5.541 0.1578 12.02 5.854 -13.88 6.12 7.144 -18.24 5.024 -1..
-6.993 7.03 2.669 1.506 -2.313 0.1852 -0.3844 1.582 1.081 -1..
..
The predicted digit of the model is the column with the largest weight for each row:
q){x?max x}each evaluate(m; d`X)
7 2 1 0 4 1 4 9 6 9 0 6 9 0 1 5 9 7 3 4 9 6 6 5 4 0 7 4 0 1 3 1 3 6 7 2 7 1 2..
q)avg d.Y={x?max x}each evaluate(m; d`X)
0.9238
q)string[100*avg d.Y={x?max x}each evaluate(m; d`X)],"% test accuracy"
"92.38% test accuracy"
The single linear layer model usually achieves about 92% accuracy after 20 epochs, closer to 92.5% with 100 epochs. Run time on a 12-core i7 CPU is under 2 seconds.
Linear layers¶
The linear.q scripts creates a model of 2 linear layers with a relu activation function in between.
Model¶
The training images are treated as a list of 784 pixels and passed through each linear layer and the activation function.
input: 100 x 784
first linear layer: 100 x 784 x 784 x 800 -> 100 x 800
relu: 100 x 800
linear: 100 x 800 x 800 x 10 -> 100 x 10
q)q:module seq(`sequential; (`linear;784;800); `relu; (`linear;800;10))
q)-2 str q;
torch::nn::Sequential(
(0): torch::nn::Linear(in_features=784, out_features=800, bias=true)
(1): torch::nn::ReLU()
(2): torch::nn::Linear(in_features=800, out_features=10, bias=true)
)
q)elements q
636010
Training¶
This model has 636,010 trainable parameters and usually converges to around 98.5% accuracy on the test dataset. The output is the same shape and type as in the single linear model in the logit.q script, but the depth and large increase in parameters makes for a better predictor:
> q examples/mnist/linear.q
KDB+ 4.0 2021.07.12 Copyright (C) 1993-2021 Kx Systems
l64/ 12(16)core 64033MB
1. loss: 0.269020 test: 0.1316 accuracy: 96.16%
2. loss: 0.127664 test: 0.1177 accuracy: 96.28%
3. loss: 0.094828 test: 0.1350 accuracy: 95.54%
4. loss: 0.081220 test: 0.0955 accuracy: 97.19%
5. loss: 0.068084 test: 0.1122 accuracy: 96.54%
..
45. loss: 0.000066 test: 0.0835 accuracy: 98.53%
46. loss: 0.000066 test: 0.0836 accuracy: 98.56%
47. loss: 0.000061 test: 0.0839 accuracy: 98.55%
48. loss: 0.000060 test: 0.0841 accuracy: 98.55%
49. loss: 0.000059 test: 0.0843 accuracy: 98.54%
50. loss: 0.000058 test: 0.0845 accuracy: 98.55%
9289 4195504
Run time on a NVIDIA GeForce GTX 1080 Ti GPU is around 10 seconds, closer to 30 seconds on a 12-core i7 CPU.
Convolutional model¶
The conv.q script builds a sequential model with two convolutional layers and a final set of two linear modules and a relu activation function in between.
Model¶
This model uses the training images as rectangles of 28 x 28 pixels, with the convolutions capturing more spatial information then the linear models in the logit.q and linear.q scripts.
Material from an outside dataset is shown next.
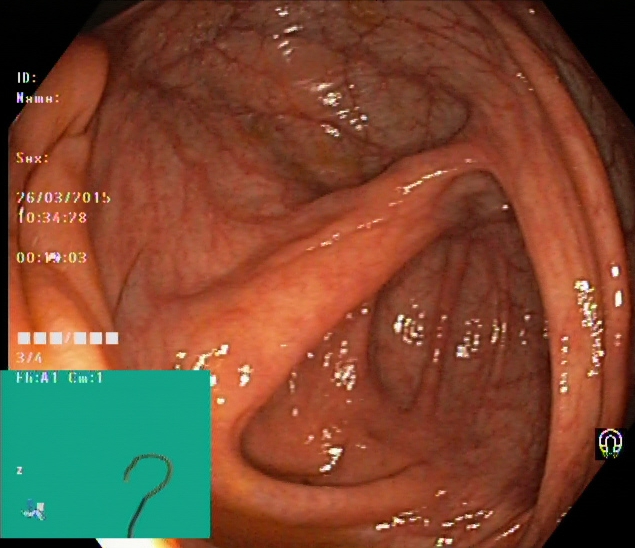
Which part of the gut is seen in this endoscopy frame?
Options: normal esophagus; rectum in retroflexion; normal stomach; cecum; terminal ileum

cecum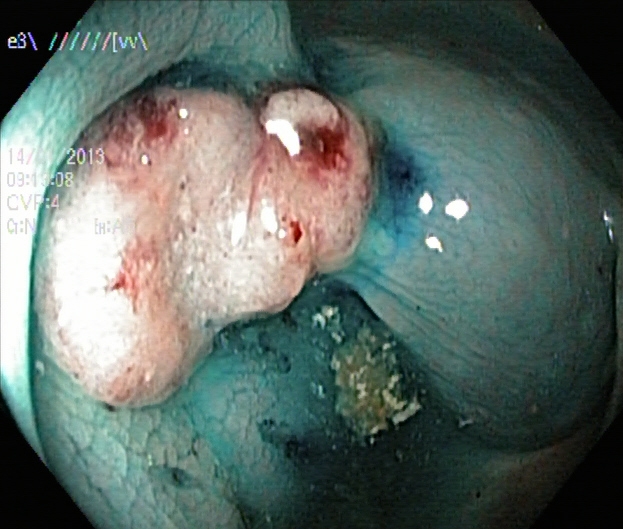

q)q:(`sequential; (`conv2d; 1;20;5); `relu; `drop; (`maxpool2d;2))
q)q,: ((`conv2d;20;50;5); `relu; `drop; (`maxpool2d;2); `flatten)
q)q,: ((`linear;800;500); `relu; `drop; (`linear;500;10))
q)q:seq q /enlist all but 1st
q)q
`sequential
,(`conv2d;1;20;5)
,`relu
,`drop
,(`maxpool2d;2)
,(`conv2d;20;50;5)
,`relu
,`drop
,(`maxpool2d;2)
,`flatten
,(`linear;800;500)
,`relu
,`drop
,(`linear;500;10)
The PyTorch’s representation of the model:
q)-2 str q;
torch::nn::Sequential(
(0): torch::nn::Conv2d(1, 20, kernel_size=[5, 5], stride=[1, 1])
(1): torch::nn::ReLU()
(2): torch::nn::Dropout(p=0.5, inplace=false)
(3): torch::nn::MaxPool2d(kernel_size=2, stride=2, padding=0, dilation=1)
(4): torch::nn::Conv2d(20, 50, kernel_size=[5, 5], stride=[1, 1])
(5): torch::nn::ReLU()
(6): torch::nn::Dropout(p=0.5, inplace=false)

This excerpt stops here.